In this country with a complex legal system that is a tapestry of Islamic Sharia law and British common law, legislation passed decades ago has allowed many of those who kill in the name of family “honour” to go free.

A family’s honour can be “tarnished” by something as innocent as sitting next to an unknown man, or helping a friend elope with the man of her choice. Invariably the “honour” of a family is tied to a woman’s chastity.

The law decrees that relatives of a murder victim can forgive the killer; they can even take money in exchange for the killer’s freedom. Human rights groups argued that in the case of “honour” killing, this granted immunity to killers, because both victim and perpetrator are usually family members.
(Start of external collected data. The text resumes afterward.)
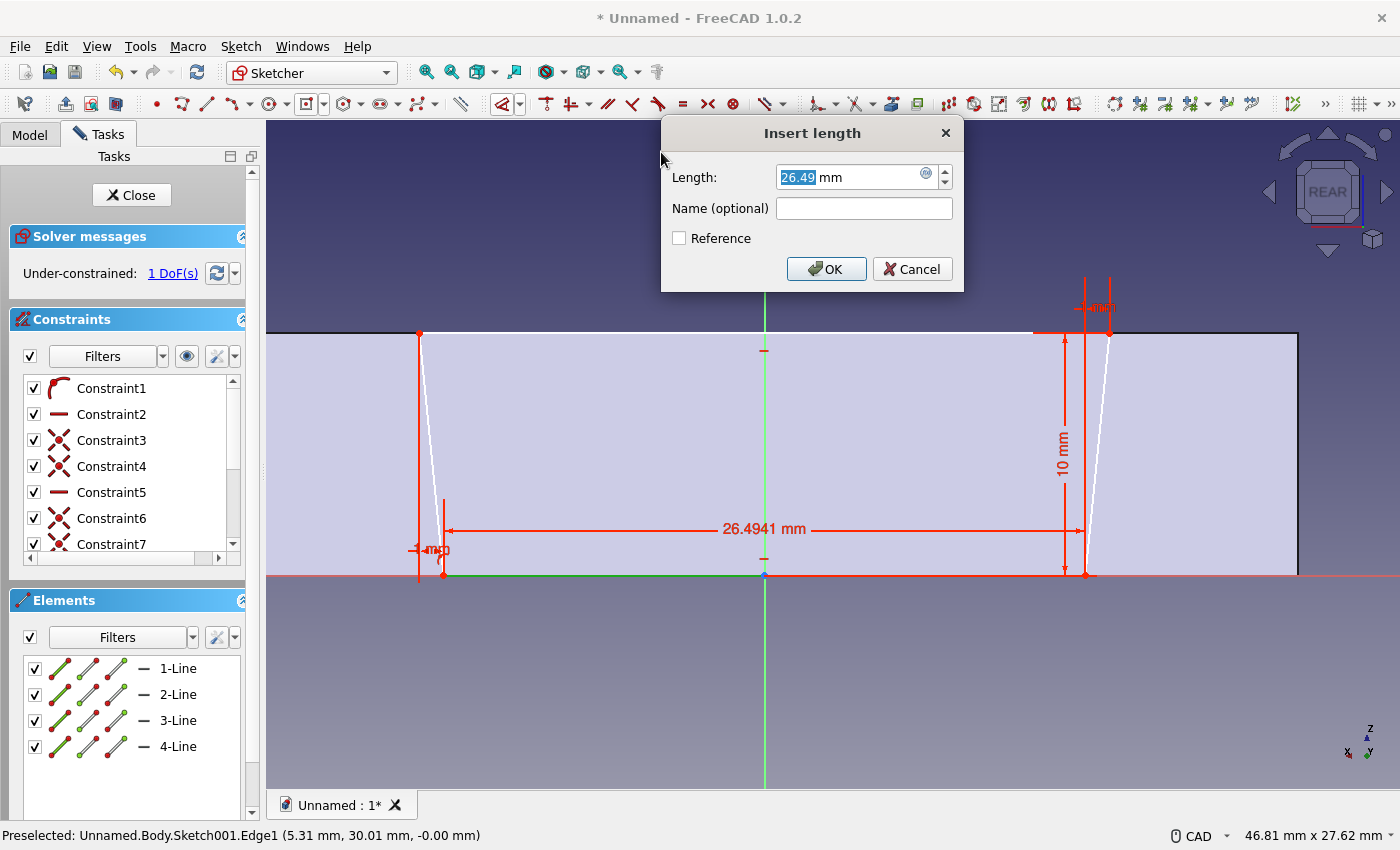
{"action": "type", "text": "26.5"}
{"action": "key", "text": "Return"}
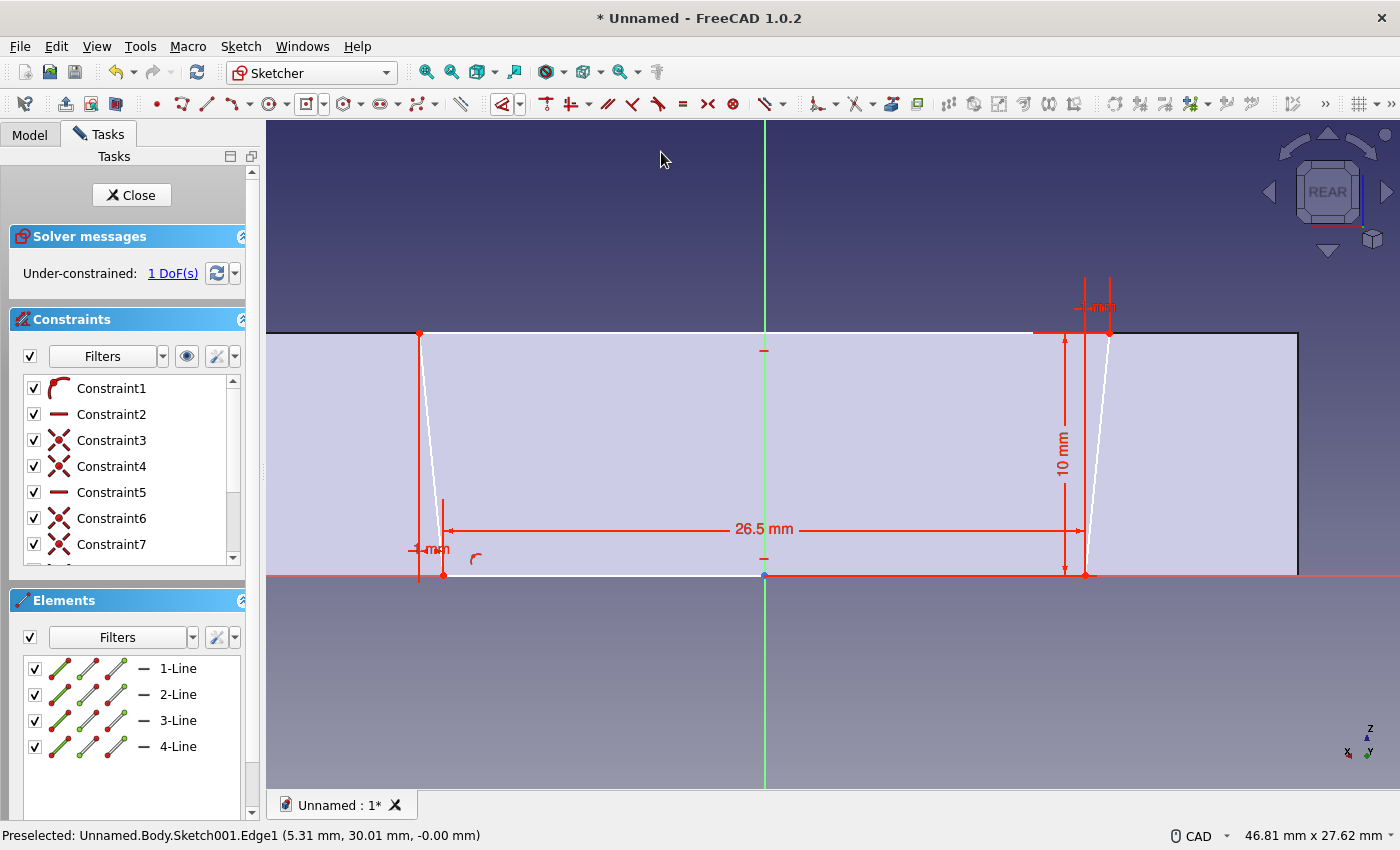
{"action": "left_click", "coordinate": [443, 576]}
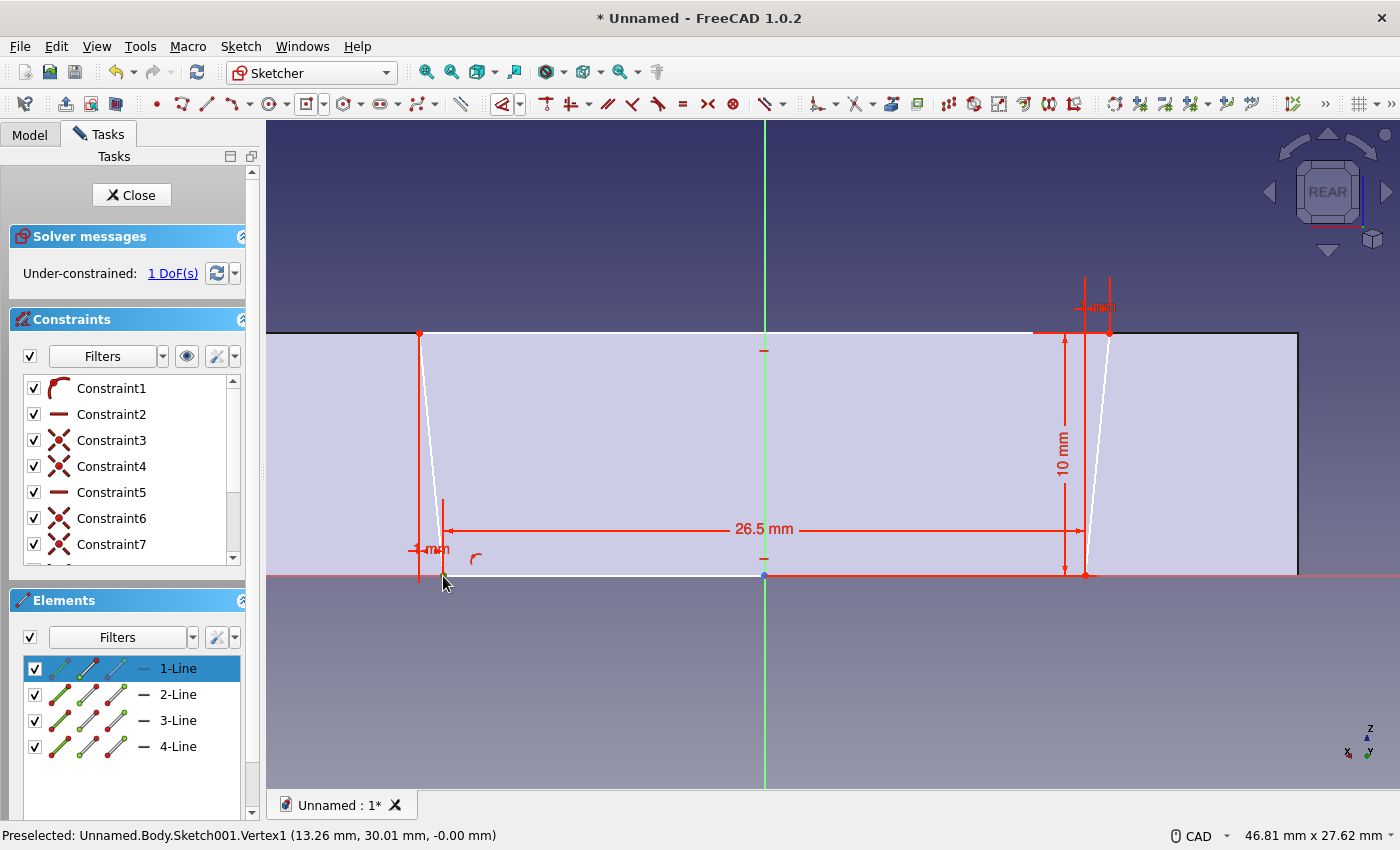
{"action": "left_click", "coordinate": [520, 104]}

Hard-line Islamic groups, however, defended forgiveness as a religious edict from the Quran.

But the mood in the country began to shift in the last year with the rise of social media and a proliferation of television channels featuring dramas about girls who find love and fight back against sexual assault.

The new channels started covering “honour” killings, and Pakistanis grew outraged over a series of grotesque murders that happened with such regularity they could no longer be seen as isolated cases: a daughter burned alive by her mother, a social media star drugged and strangled by her brother, a teenage girl ordered by a tribal council to be bound and burned like Joan of Arc for helping a friend elope.

“There are changes in Pakistan,” says Imam. “Most of the people in Pakistan are young. They are searching for change.”

After Imam became a member of Parliament’s upper house seven years ago, the poor who tilled the land in her constituency in Punjab province started coming to her with stories of a man who had killed his wife after seeing her talking to another man, or of a brother who killed his sister for having “illicit” relations.

“These were women whose names I didn’t even know,” she says. “They had received no media coverage, and I thought: ‘How do we protect these vulnerable women?'”

She saw that the men who killed showed no worry of even going to jail.

“No one was ever afraid. They never felt they would be punished. They knew they would be forgiven,” Imam says.

She insists that Islam’s provision of forgiveness wasn’t intended to apply to premeditated murder.

The provision was meant to end feuds, “to bring peace. It was not meant to be able to kill with impunity,” she says. “The law has been perverted.”

When Imam began to craft her bill three years ago, she wanted the killings removed from the Islamic law known as Qisas and Diyat, which allows the family to forgive a murderer.